--- What is needed ---
Output exactly, and only, the stretch of lines beginning at the line with "Answer yes or no. No. Is Yellow" and ending at the last line of the listing below. Drop the pictures.

--- Records for the task ---
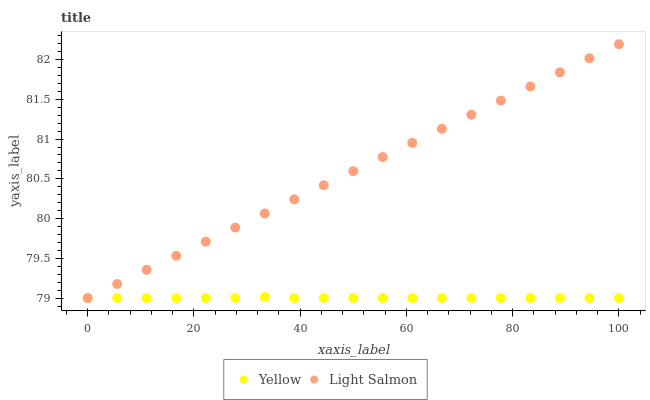Does Yellow have the minimum area under the curve?
Answer yes or no. Yes. Does Light Salmon have the maximum area under the curve?
Answer yes or no. Yes. Does Yellow have the maximum area under the curve?
Answer yes or no. No. Is Light Salmon the smoothest?
Answer yes or no. Yes. Is Yellow the roughest?
Answer yes or no. Yes. Is Yellow the smoothest?
Answer yes or no. No. Does Light Salmon have the lowest value?
Answer yes or no. Yes. Does Light Salmon have the highest value?
Answer yes or no. Yes. Does Yellow have the highest value?
Answer yes or no. No. Does Yellow intersect Light Salmon?
Answer yes or no. Yes. Is Yellow less than Light Salmon?
Answer yes or no. No. Is Yellow greater than Light Salmon?
Answer yes or no. No. 
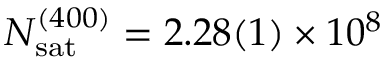Convert formula to latex. <formula><loc_0><loc_0><loc_500><loc_500>{ N _ { s a t } } ^ { ( 4 0 0 ) } = 2 . 2 8 ( 1 ) \times 1 0 ^ { 8 }</formula> 
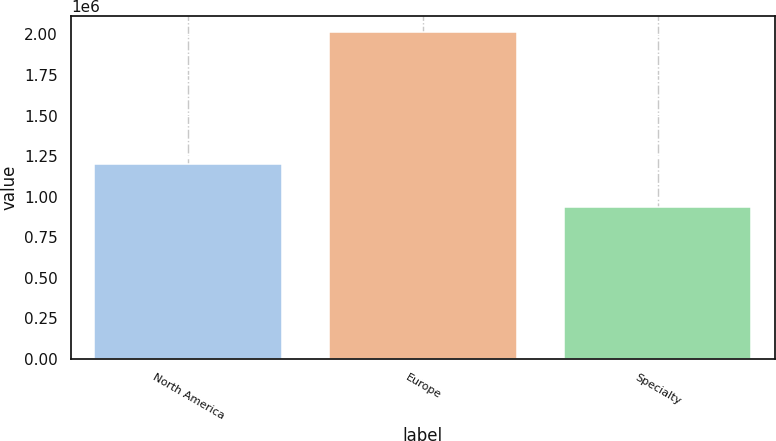Convert chart to OTSL. <chart><loc_0><loc_0><loc_500><loc_500><bar_chart><fcel>North America<fcel>Europe<fcel>Specialty<nl><fcel>1.19856e+06<fcel>2.0128e+06<fcel>934119<nl></chart>

--- Response below ---
Answer yes or no. No. Is Yellow greater than Light Salmon?
Answer yes or no. No. 
Convert formula to latex. <formula><loc_0><loc_0><loc_500><loc_500>{ N _ { s a t } } ^ { ( 4 0 0 ) } = 2 . 2 8 ( 1 ) \times 1 0 ^ { 8 }</formula> 
Convert chart to OTSL. <chart><loc_0><loc_0><loc_500><loc_500><bar_chart><fcel>North America<fcel>Europe<fcel>Specialty<nl><fcel>1.19856e+06<fcel>2.0128e+06<fcel>934119<nl></chart>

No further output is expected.